VITA-D fue entrenada con dos bases de datos: una
privada, con 465 participantes de Loja, y otra pública de FigShare, alcanzando
un total de 1.065 registros. Se recolectaron variables clínicas y
sociodemográficas como edad, índice de masa corporal, masa
muscular, tipo de trabajo, exposición al sol, uso de protector solar y
actividad física. Con esta información, se entrenaron tres modelos de
aprendizaje automático: Regresión Logística, Máquinas de Vectores de Soporte
(SVM) y Bosques Aleatorios (RF).

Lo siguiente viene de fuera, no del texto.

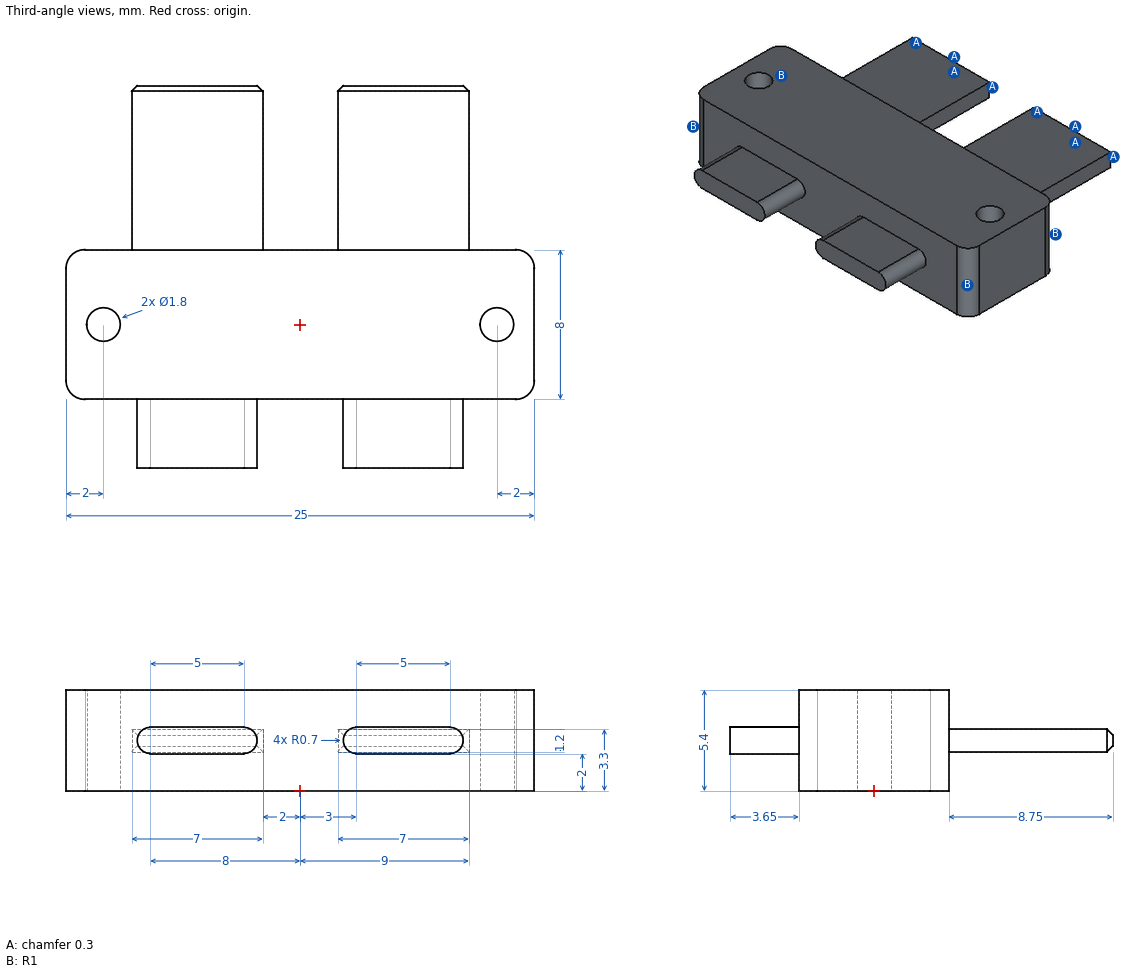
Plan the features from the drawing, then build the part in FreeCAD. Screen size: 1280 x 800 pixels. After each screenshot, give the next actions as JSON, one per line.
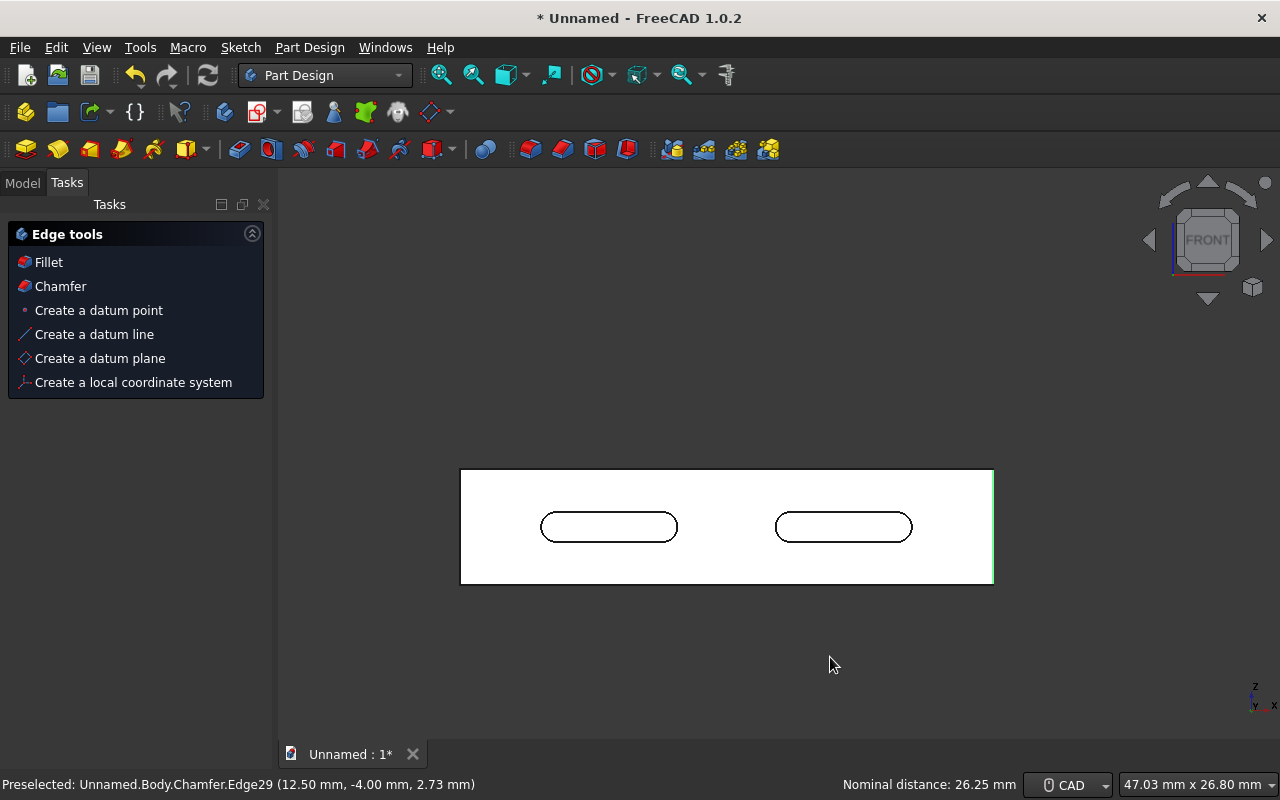
{"action": "left_click", "coordinate": [460, 526], "text": "ctrl"}

Este último mostró el mejor rendimiento, con
una precisión del 87,73%, y fue elegido para integrarse a
la plataforma.
¿Cómo funciona?
El usuario ingresa sus datos en la interfaz de VITA-D,
desarrollada con tecnologías como Django, MySQL y BootstrapStudio. El
sistema analiza la información y predice si la persona tiene deficiencia de
vitamina D (nivel <18 ng/mL) o niveles suficientes (≥18
ng/mL). Además, presenta un panel gráfico interactivo que muestra el nivel de
riesgo, los factores que más influyen y recomendaciones útiles.
VITA-D representa una
alternativa eficiente, económica y no invasiva frente a los costosos análisis sanguíneos,
especialmente útil en regiones con recursos limitados. Permite monitorear a
poblaciones vulnerables, optimizar decisiones clínicas y apoyar estrategias de
salud pública.
Limitaciones y próximos pasos
Aunque VITA-D ha demostrado ser precisa y funcional,
presenta algunas limitaciones. Su modelo se basa en una muestra
geográficamente limitada y utiliza una clasificación
binaria simplificada que no contempla todos los matices
clínicos de la deficiencia de vitamina D. Además, no
incluye variables genéticas, dietéticas o bioquímicas que
podrían enriquecer la predicción. En siguientes fases,
se planea ampliar la base de datos con información de otras regiones, integrar más
variables relevantes y probar algoritmos avanzados para
ofrecer predicciones más precisas y personalizadas.
Referencia:
Jiménez-Gaona, Y., Vivanco-Galván, O., Castillo-Malla,
D., Vivanco-Gualán, I., & Díaz-Guzmán, P. (2025). VITA-D: A Radiomic Web
Tool for Predicting Vitamin D Deficiency Levels. Applied
Sciences, 15(4) 1798. https://doi.org/10.3390/app15041798
Redacción
Javier Vázquez Fernández, Mgs.
Periodista especializado en ciencia,
documentalista, responsable de Cultura Científica en la Universidad Técnica
Particular de Loja (UTPL) y coeditor y redactor de la revista
"Perspectivas de Investigación". Máster en Estudios de la Ciencia, la
Tecnología y la Innovación con mención en Cultura Científica por la Universidad
de Oviedo, Universidad de Salamanca y la Universidad Politécnica de Valencia
(España) y miembro de la Asociación Española de Comunicación Científica (AEC2).
Investigadora
Yuliana del Cisne Jiménez, Ph.D.
Docente del Departamento de Química
PhD en Tecnologías de la Salud y
Bienestar por la Universidad Politécnica de Valencia España. Master en
Bioinformática en la Universidad de Bologna Italia. Master en Sistemas de
Gestión de la Calidad UTPL Ecuador. Ingeniería en Sistemas informáticos y computación
UTPL Ecuador, Miembro de la Red Ecuatoriana de Bioiformática.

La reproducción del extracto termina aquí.